Conversely, much of the literature that exists in the area of regulation of private primary and secondary education tends to examine private schools in America rather than in developing countries (Foley 1996, Randall 1992, 1994, Carper and Devins 1985, Baintron 1983, Diehl 1983, Encarnation 1983, Erickson 1984, 1986, Murnane 1986, Smolin 1986, Furst 1985, Hirschoff 1986, Chubb and Moe 1990). But regulation is very important, because regulations have the capacity to stimulate or stiﬂe the market for private education, as well as affect the quality of education provision. It is assumed by governments that regulations may be used to inform consumers of school quality and to disseminate information transparency within the market. Regulations that enforce quality standards, it is assumed, will discourage and protect consumers and other providers from any ‘ﬂy-bynight’ operators setting up that may try to “hoodwink parents”. Consistency of enforcement eradicates the uncertainty for providers of any unnecessary intervention and provides consumers with the certainty that those being regulated are abiding by the same rules. Regulations governing private unaided schools are a powerful instrument in directing policy, thus the importance of the research is its conclusions concerning the future of the regulation of private education serving low income families in developing countries.

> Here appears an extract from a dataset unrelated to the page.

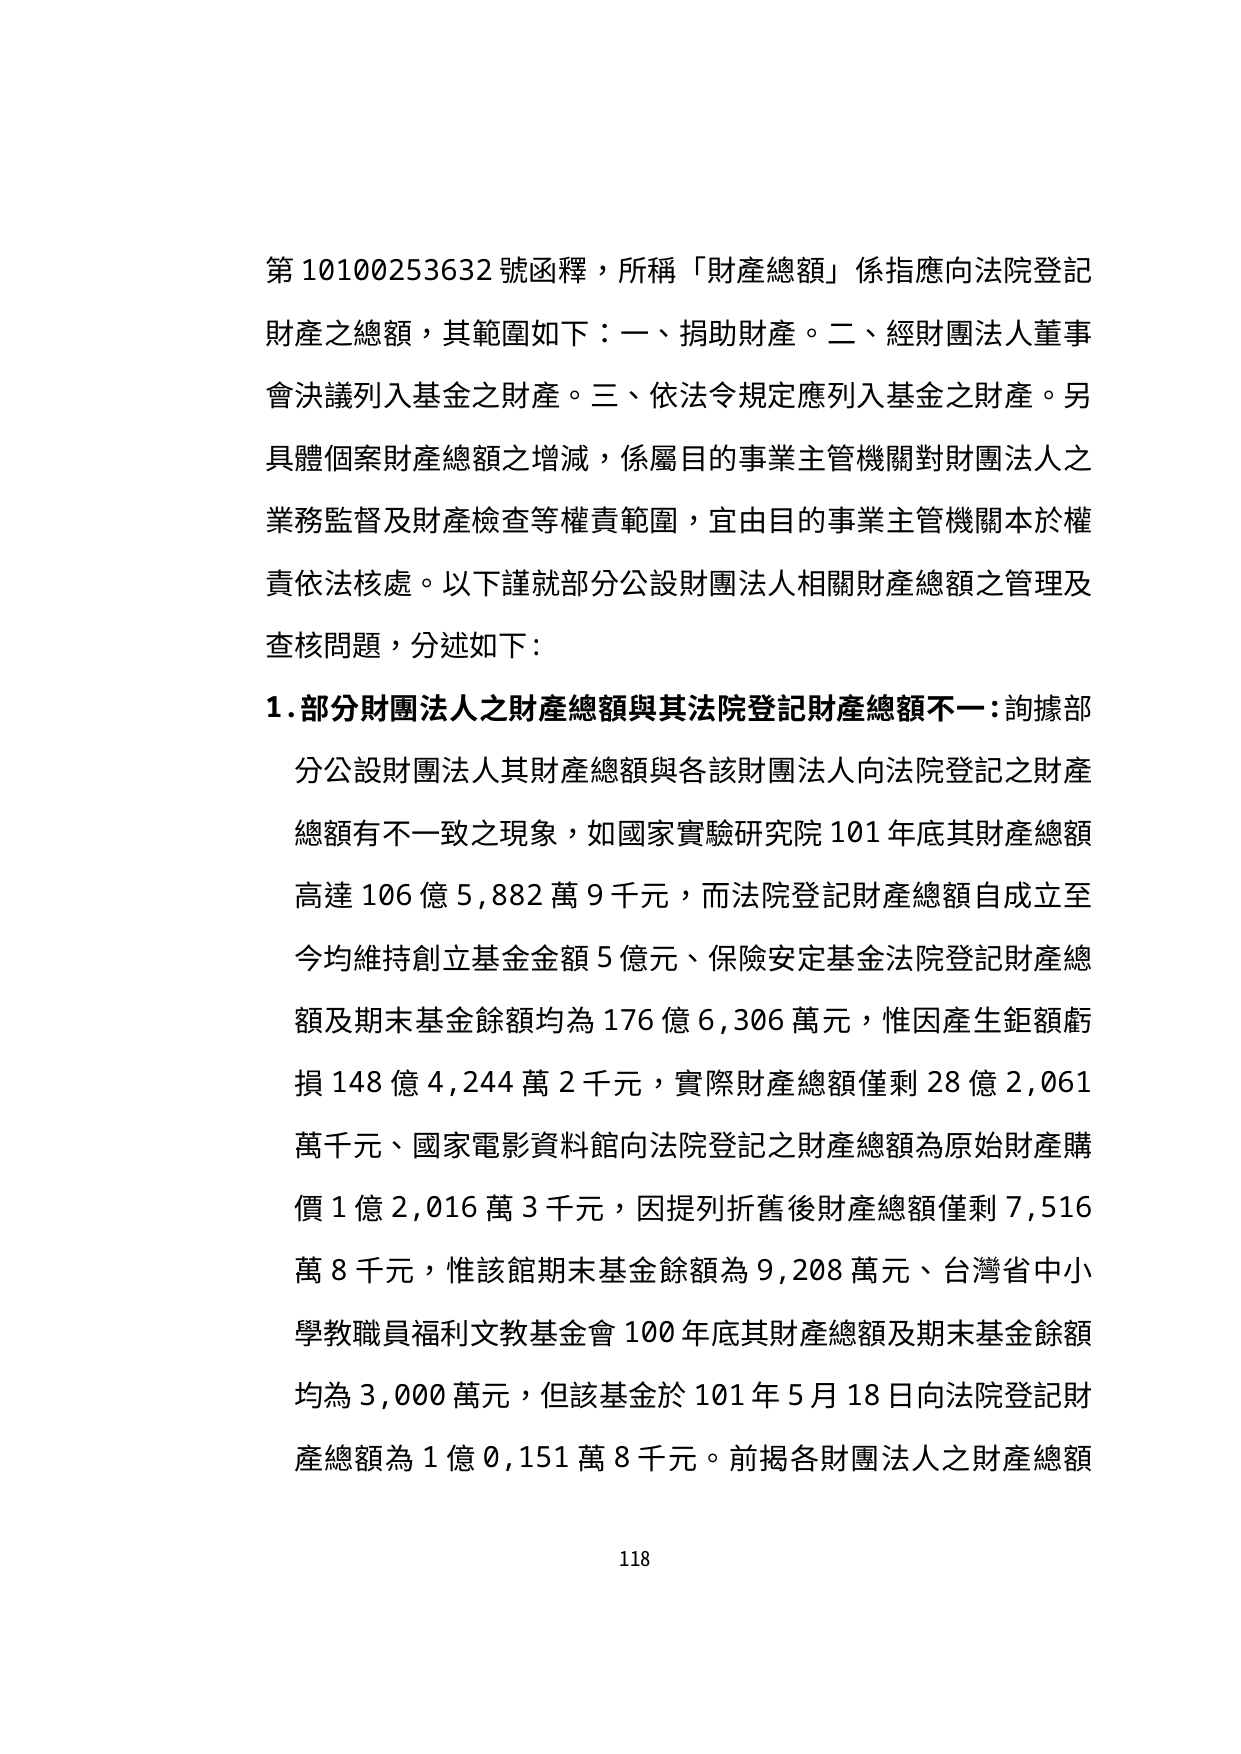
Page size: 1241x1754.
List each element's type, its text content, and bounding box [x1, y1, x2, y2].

The speciﬁc focus of this paper is whether the rules and regulations that govern the private education market in the low income areas of Hyderabad are conducive to entrepreneurial
action and market discovery. In fact, the research uncovered two regulatory environments:
There is one set of laws and rules that appear ‘on paper’ as laid out in the Education Acts and associated codes and rules, and another which exists ‘in practice’, made up of a combination of some ‘on paper’ rules together with an ‘extra-legal’ set of unwritten practices. The next part of the paper (Section 2) outlines the research method, both for the wider project and for the particular focus of this paper, the ‘pattern matching’ of the regulatory regime with concepts of entrepreneurial action and market discovery. Section 3 provides some of the ﬁndings about the private unaided school sector in Hyderabad, while Section 4 provides a brief outline of Austrian theory concerning regulation. Section 5 outlines a summary of the ﬁndings in Hyderabad regarding the private unaided school regulations and how the ﬁndings “pattern matched” with proﬁt, entrepreneurship, and competition. The ﬁnal section considers implications for policy.
32 DIXON AND TOOLEY
2. Research Method
The research was carried out in Hyderabad, Andhra Pradesh, using both qualitative and quantitative methods, although most of the work comparing the regulatory regimes ‘on paper’ and ‘in practice’ is based upon qualitative research ﬁndings. A sample of ﬁfteen private unaided schools was opportunistically selected by “cold-calling” on schools during visits to the city and requesting an interview with the school manager. Each school had to
satisfy the following conditions:
• It had to serve children from a notiﬁed slum area, according to the Census (Singh 1997) and/or the Hyderabad Urban Community Development book (MCH 1998);
• The school manager had to agree to the presence of a researcher in the school for signiﬁcant amounts of time, in particular to interview teachers, students and parents; to observe classes; and to divulge ﬁnancial information;
• The manager appeared to be aware that improvements could be made to the school and expressed at least some interest in working with the team in such improvements.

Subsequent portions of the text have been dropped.